The broadest measure of European equities just hit new 52-week highs last week.
As you can see here, Europe went nowhere for 20 years, mostly due to its lack of exposure to high growth stocks like the United States.
And now that those growth stocks have been out of favor, and it's the more Industrial and cyclical stocks leading the way this bull market, Europe is the global leader once again.
It's the U.S. that's the laggard.
Here's the Euro STOXX 600 hitting new 52-week highs and coming out of a multi-decade base:
It was funny, there I was telling people it was a new bull market, because we actually do the work around here, but investors weren't buying it.
In fact, we saw 44 consecutive weeks of more bears than bulls among individual investors.
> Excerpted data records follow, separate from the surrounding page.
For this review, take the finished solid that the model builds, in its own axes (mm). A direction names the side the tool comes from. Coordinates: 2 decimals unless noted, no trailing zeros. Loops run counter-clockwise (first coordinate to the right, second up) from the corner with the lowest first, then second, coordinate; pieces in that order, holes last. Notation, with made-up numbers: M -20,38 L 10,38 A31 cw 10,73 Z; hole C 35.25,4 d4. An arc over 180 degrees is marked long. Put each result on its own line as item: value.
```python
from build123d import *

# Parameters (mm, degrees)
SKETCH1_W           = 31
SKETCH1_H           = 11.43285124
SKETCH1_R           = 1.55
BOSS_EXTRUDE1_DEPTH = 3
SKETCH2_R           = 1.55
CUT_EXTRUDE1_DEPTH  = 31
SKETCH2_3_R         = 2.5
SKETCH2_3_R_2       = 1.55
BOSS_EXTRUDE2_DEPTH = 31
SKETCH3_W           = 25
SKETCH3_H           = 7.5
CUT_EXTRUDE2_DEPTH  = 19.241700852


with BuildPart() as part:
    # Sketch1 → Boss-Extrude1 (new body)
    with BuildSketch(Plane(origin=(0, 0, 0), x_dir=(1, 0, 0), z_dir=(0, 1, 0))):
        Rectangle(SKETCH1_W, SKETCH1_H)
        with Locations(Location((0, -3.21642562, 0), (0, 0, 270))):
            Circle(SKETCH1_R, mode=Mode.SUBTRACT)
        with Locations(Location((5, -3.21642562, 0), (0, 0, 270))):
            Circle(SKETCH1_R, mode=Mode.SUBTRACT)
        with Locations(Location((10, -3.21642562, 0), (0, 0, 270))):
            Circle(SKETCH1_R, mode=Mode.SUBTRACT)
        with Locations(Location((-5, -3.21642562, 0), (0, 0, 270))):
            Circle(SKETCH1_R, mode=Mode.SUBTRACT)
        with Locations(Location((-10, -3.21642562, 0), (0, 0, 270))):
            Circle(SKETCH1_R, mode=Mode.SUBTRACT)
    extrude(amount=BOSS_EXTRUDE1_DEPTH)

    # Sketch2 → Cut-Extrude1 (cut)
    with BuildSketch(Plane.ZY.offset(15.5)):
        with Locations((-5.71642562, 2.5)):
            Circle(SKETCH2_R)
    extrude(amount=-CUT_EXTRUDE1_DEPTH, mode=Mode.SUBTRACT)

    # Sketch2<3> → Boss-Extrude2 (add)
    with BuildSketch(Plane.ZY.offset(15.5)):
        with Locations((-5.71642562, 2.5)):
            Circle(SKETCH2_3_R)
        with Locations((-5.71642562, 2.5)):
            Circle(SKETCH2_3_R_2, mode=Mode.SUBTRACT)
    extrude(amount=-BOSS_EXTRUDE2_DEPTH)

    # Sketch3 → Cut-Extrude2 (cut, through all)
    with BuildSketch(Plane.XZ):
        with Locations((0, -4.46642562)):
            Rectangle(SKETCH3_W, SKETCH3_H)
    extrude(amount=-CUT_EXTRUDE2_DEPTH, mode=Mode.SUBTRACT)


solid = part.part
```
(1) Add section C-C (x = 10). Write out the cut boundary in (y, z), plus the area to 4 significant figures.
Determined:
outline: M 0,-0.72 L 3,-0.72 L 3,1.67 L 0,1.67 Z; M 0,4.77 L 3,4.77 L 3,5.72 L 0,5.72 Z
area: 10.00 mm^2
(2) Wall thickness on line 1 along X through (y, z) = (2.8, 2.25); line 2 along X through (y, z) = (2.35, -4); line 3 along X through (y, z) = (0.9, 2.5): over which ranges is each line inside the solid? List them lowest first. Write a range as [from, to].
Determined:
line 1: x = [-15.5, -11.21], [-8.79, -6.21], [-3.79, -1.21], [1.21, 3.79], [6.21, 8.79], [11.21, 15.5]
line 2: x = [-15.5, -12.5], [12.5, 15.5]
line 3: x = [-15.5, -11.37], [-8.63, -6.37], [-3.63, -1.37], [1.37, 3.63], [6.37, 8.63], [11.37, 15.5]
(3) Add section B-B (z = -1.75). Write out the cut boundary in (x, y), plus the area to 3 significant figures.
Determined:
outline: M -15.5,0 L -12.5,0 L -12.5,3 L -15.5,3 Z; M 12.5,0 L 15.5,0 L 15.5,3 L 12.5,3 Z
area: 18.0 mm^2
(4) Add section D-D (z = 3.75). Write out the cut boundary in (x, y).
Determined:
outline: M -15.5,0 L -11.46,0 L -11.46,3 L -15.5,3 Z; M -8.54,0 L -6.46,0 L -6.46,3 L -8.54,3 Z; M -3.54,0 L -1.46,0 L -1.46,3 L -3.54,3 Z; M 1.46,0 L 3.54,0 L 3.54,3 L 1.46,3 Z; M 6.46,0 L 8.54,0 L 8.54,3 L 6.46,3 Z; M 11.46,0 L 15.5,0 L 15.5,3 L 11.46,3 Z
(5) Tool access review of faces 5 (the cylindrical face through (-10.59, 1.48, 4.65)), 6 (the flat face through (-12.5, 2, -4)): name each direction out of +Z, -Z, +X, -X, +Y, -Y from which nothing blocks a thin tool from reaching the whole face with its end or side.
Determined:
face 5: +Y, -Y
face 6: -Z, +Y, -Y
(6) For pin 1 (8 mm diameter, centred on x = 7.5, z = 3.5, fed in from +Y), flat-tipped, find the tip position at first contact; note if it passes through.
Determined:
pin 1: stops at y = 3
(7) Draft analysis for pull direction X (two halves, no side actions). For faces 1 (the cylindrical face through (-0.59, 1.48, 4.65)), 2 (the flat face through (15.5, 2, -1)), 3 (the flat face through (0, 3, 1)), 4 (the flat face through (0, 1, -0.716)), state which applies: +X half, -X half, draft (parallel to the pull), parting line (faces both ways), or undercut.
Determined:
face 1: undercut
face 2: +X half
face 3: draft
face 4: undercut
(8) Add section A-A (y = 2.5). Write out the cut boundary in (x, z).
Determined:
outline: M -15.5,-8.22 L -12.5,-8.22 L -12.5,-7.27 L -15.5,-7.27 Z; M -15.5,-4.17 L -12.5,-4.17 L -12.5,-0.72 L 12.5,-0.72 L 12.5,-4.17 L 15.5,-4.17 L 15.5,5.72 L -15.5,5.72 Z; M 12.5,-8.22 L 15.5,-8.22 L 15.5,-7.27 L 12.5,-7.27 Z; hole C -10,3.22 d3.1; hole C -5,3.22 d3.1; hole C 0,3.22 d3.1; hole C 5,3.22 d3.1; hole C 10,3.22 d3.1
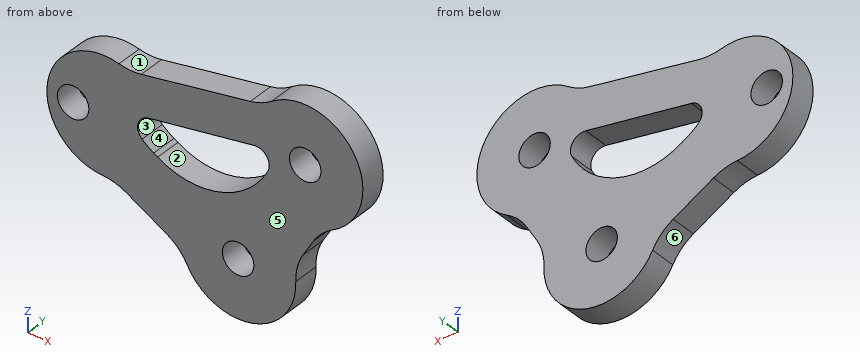
from build123d import *

# Parameters (mm, degrees)
SKETCH1_R           = 6
BOSS_EXTRUDE1_DEPTH = 10


with BuildPart() as part:
    # Sketch1 → Boss-Extrude1 (new body)
    with BuildSketch(Plane(origin=(0, 0, 0), x_dir=(1, 0, 0), z_dir=(0, 1, 0))):
        with BuildLine():
            Line((42.951232399, 3.318887452), (39.045860783, 9.872476959))
            ThreePointArc((39.045860783, 9.872476959), (36.854758208, 15.13768422), (36.238749427, 20.807240744))
            ThreePointArc((36.238749427, 20.807240744), (19.926498256, 42.82902865), (-5.191028063, 31.867342993))
            ThreePointArc((-5.191028063, 31.867342993), (-8.539203816, 27.271038576), (-13.045616394, 23.802819891))
            Line((-13.045616394, 23.802819891), (-28.400215901, 15.147576948))
            ThreePointArc((-28.400215901, 15.147576948), (-32.789279464, 13.321988508), (-37.485200727, 12.583763884))
            ThreePointArc((-37.485200727, 12.583763884), (-58.444412115, -12.582400357), (-31.160339611, -30.698794925))
            ThreePointArc((-31.160339611, -30.698794925), (-26.9348971, -30.075669304), (-22.673496589, -30.363967139))
            Line((-22.673496589, -30.363967139), (18.895945155, -37.693778855))
            ThreePointArc((18.895945155, -37.693778855), (23.162809039, -38.948266928), (27.046941071, -41.114689344))
            ThreePointArc((27.046941071, -41.114689344), (58.445846615, -34.941068913), (50.465944263, -3.951941513))
            ThreePointArc((50.465944263, -3.951941513), (46.22501506, -0.816320632), (42.951232399, 3.318887452))
        make_face()
        with Locations(Location((-48.675608258, -9.401334707, 0), (0, 0, 270))):
            Circle(SKETCH1_R, mode=Mode.SUBTRACT)
        with Locations(Location((14.252094878, 21.573414185, 0), (0, 0, 270))):
            Circle(SKETCH1_R, mode=Mode.SUBTRACT)
        with Locations(Location((39.833295256, -23.211920099, 0), (0, 0, 270))):
            Circle(SKETCH1_R, mode=Mode.SUBTRACT)
        with BuildLine():
            Line((20.312704962, -22.212607301), (-19.891412958, -15.548077687))
            ThreePointArc((-19.891412958, -15.548077687), (-23.883928025, -11.979955979), (-22.359792068, -6.846859578))
            ThreePointArc((-22.359792068, -6.846859578), (-20.208737863, -5.13808357), (-17.910389919, -3.633242594))
            Line((-17.910389919, -3.633242594), (-16.434238636, -2.760580859))
            ThreePointArc((-16.434238636, -2.760580859), (7.233462597, 0.214394926), (25.58991918, -15.018827461))
            ThreePointArc((25.58991918, -15.018827461), (25.161933747, -20.2373856), (20.312704962, -22.212607301))
        make_face(mode=Mode.SUBTRACT)
    extrude(amount=BOSS_EXTRUDE1_DEPTH)


solid = part.part
Geometry: final body of the model. Coordinates: model frame, mm. Face numbers are marked on the shaded views. A direction names the side the tool comes from. Coordinates: 2 decimals unless noted, no trailing zeros. Loops run counter-clockwise (first coordinate to the right, second up) from the corner with the lowest first, then second, coordinate; pieces in that order, holes last. Notation, with made-up numbers: (57.25, 75) - (93.25, 75) arc R22 ccw to (93.25, 91) - close; hole circle Ø6 at (-32.5, 46). An arc over 180 degrees is marked (long way). One line per question, with ' | ' between items. Start each with the question number.
(1) Cut plane A-A on x = 3. Output: boundary loops of the cut face in (y, z).
(2) Cut plane D-D on x = 17.5. Output: boundary loops of the cut face in (y, z).
(3) Cut plane C-C on y = 8.25. Output: boundary loops of the cut face in (x, z).
(4) Reachability of the marked faces 1 and 2 from +Z, -Z, +X, -X, +Y, -Y: full face, straight path, thin tool, end or side. Return the list, or none.
(5) Draft query along X for the marked faces 3, 4, 5 and 6. Return one class per face: +X half, -X half, draft (parallel to the pull), parting line (faces both ways), or undercut.
(6) First-contact query: pin 1 (11 mm diameter, centred on x = 14.25, z = -21.57, fed in from +Y); pin 2 (2 mm diameter, centred on y = 4.5, z = -5, fed in from -X); pin 3 (15.5 mm diameter, centred on x = 39.83, z = 23.21, fed in from -Y); pin 4 (4 mm diameter, centred on x = -24, y = 5.5, fed in from -Z). Flat tips, straight axial feed; report the tip coordinate or a pass-through.
(7) Cut plane B-B on z = -18. Output: boundary loops of the cut face in (x, y).
(8) Ray query, L1, parallel to X at y = 3.75, z = 7.5; L2, parallel to X at y = 8.25, z = 9.5; L3, parallel to Z at x = -3, y = 8. Return the intervals inside material, ascending. Write a range as from..to.
Here are the results:
1) outline: (0, -40.48) - (10, -40.48) - (10, -1.12) - (0, -1.12) - close; (0, 19.34) - (10, 19.34) - (10, 34.89) - (0, 34.89) - close
2) outline: (0, -43.33) - (10, -43.33) - (10, -26.62) - (0, -26.62) - close; (0, -16.53) - (10, -16.53) - (10, 5.1) - (0, 5.1) - close; (0, 21.75) - (10, 21.75) - (10, 37.45) - (0, 37.45) - close
3) outline: (-37.49, -12.58) arc R20 cw to (-28.4, -15.15) - (-13.05, -23.8) arc R20 cw to (-5.19, -31.87) arc R22 ccw to (36.24, -20.81) arc R20 cw to (39.05, -9.87) - (42.95, -3.32) arc R20 cw to (50.47, 3.95) arc R22 ccw (long way) to (27.05, 41.11) arc R20 cw to (18.9, 37.69) - (-22.67, 30.36) arc R20 cw to (-31.16, 30.7) arc R22 ccw (long way) to start; hole circle Ø12 at (-48.68, 9.4); hole (-22.36, 6.85) arc R30 ccw to (-17.91, 3.63) - (-16.43, 2.76) arc R30 ccw to (25.59, 15.02) arc R5 ccw to (20.31, 22.21) - (-19.89, 15.55) arc R5 ccw to start; hole circle Ø12 at (14.25, -21.57); hole circle Ø12 at (39.83, 23.21)
4) face 1: +Z, +Y, -Y | face 2: +Y, -Y
5) face 3: undercut | face 4: undercut | face 5: draft | face 6: -X half
6) pin 1: through | pin 2: x = -54.12 | pin 3: y = 0 | pin 4: z = -18.76
7) outline: (-23.34, 0) - (9.43, 0) - (9.43, 10) - (-23.34, 10) - close; (19.07, 0) - (36.34, 0) - (36.34, 10) - (19.07, 10) - close
8) L1: -58.59..-54.37, -42.98..-22.98, 20.17..55.23 | L2: -58.68..-54.67, -42.68..-23.95, 21.98..57.04 | L3: -35.22..-1.36, 18.35..33.83
from build123d import *

# Parameters (mm, degrees)
BOSS_EXTRUDE1_DEPTH = 10
SKETCH2_R           = 2.5
CUT_EXTRUDE2_DEPTH  = 40.940580867


with BuildPart() as part:
    # Sketch1 → Boss-Extrude1 (new body)
    with BuildSketch(Plane.XY):
        with BuildLine():
            Line((-19.5, 0), (-29.5, 0))
            Line((-29.5, 0), (-29.5, 25))
            Line((-29.5, 25), (29.5, 25))
            Line((29.5, 25), (29.5, 0))
            Line((29.5, 0), (19.5, 0))
            ThreePointArc((19.5, 0), (0, 19.5), (-19.5, 0))
        make_face()
    extrude(amount=BOSS_EXTRUDE1_DEPTH)

    # Sketch2 → Cut-Extrude2 (cut, through all)
    with BuildSketch(Plane(origin=(0, 0, 0), x_dir=(1, 0, 0), z_dir=(0, 1, 0))):
        with Locations(Location((-24.5, -5, 0), (0, 0, 270))):
            Circle(SKETCH2_R)
        with Locations(Location((24.5, -5, 0), (0, 0, 270))):
            Circle(SKETCH2_R)
    extrude(amount=CUT_EXTRUDE2_DEPTH, mode=Mode.SUBTRACT)


solid = part.part
Here's how the part is built. I have some questions about the finished solid (model axes, mm). Round coordinates to 2 decimals unless told otherwise and drop trailing zeros. Loops run counter-clockwise (first coordinate to the right, second up) from the corner with the lowest first, then second, coordinate; pieces in that order, holes last. Notation, with made-up numbers: (52, 6) - (103, 6) arc R24 cw to (103, 23) - close; hole circle Ø5 at (42.5, 85.5). An arc over 180 degrees is marked (long way). One line per question, with ' | ' between items. Start each with the question number.
Q1. We'd pull the mould along X, two halves only. Please class faces 1 (the cylindrical face through (-22.39, 12.32, 6.34)), 2 (the flat face through (29.5, 13, 5)), 3 (the flat face through (0, 21, 0)), 4 (the flat face through (-29.5, 12, 5)): +X half, -X half, draft (parallel to the pull), parting line (faces both ways), or undercut.
Q2. I want a section at C-C (z = 5). Write out the boundary of the cut face in (x, y), then the cut area to 3 significant figures.
Q3. I want a section at A-A (x = -24.5). Write out the boundary of the cut face in (y, z), then the cut area to 3 significant figures.
Q4. I want a section at B-B (y = 13). Write out the boundary of the cut face in (x, z), then the cut area to 3 significant figures.
Q5. Please list where these lines run through material, in increasing order: line 1 (X direction, y = 12, z = 5); line 2 (Z direction, x = 24.5, y = 5.75); line 3 (X direction, y = 9.75, z = 5.25). Write a range as [from, to].
Q6. I want a section at D-D (y = 16.75). Write out the boundary of the cut face in (x, z).
Response values:
1) face 1: undercut | face 2: +X half | face 3: draft | face 4: -X half
2) outline: (-29.5, 0) - (-27, 0) - (-27, 25) - (-29.5, 25) - close; (-22, 0) - (-19.5, 0) arc R19.5 cw to (19.5, 0) - (22, 0) - (22, 25) - (-22, 25) - close; (27, 0) - (29.5, 0) - (29.5, 25) - (27, 25) - close | area: 628 mm²
3) outline: (0, 0) - (25, 0) - (25, 2.5) - (0, 2.5) - close; (0, 7.5) - (25, 7.5) - (25, 10) - (0, 10) - close | area: 125 mm²
4) outline: (-29.5, 0) - (-14.53, 0) - (-14.53, 10) - (-29.5, 10) - close; (14.53, 0) - (29.5, 0) - (29.5, 10) - (14.53, 10) - close; hole circle Ø5 at (-24.5, 5); hole circle Ø5 at (24.5, 5) | area: 260 mm²
5) line 1: x = [-29.5, -27], [-22, -15.37], [15.37, 22], [27, 29.5] | line 2: z = [0, 2.5], [7.5, 10] | line 3: x = [-29.5, -26.99], [-22.01, -16.89], [16.89, 22.01], [26.99, 29.5]
6) outline: (-29.5, 0) - (-9.98, 0) - (-9.98, 10) - (-29.5, 10) - close; (9.98, 0) - (29.5, 0) - (29.5, 10) - (9.98, 10) - close; hole circle Ø5 at (-24.5, 5); hole circle Ø5 at (24.5, 5)

This was an even longer streak than we saw during the Financial crisis. Longer than COVID.
People were really angry.
You can see the AAII Bulls and Bears, along with their consecutive streaks plotted below:
I remember last year getting yelled at and trolled online because I was talking about breadth improvement.
Just because their stupid computers weren't telling them that it was time to buy didn't stop me and my team from simply counting how many stocks were going up vs how many were going down.
Boy did that serve us well as stocks have absolutely ripped higher over the past couple quarters.
We've been in a raging bull market while most investors keep asking me when stocks are going to bottom.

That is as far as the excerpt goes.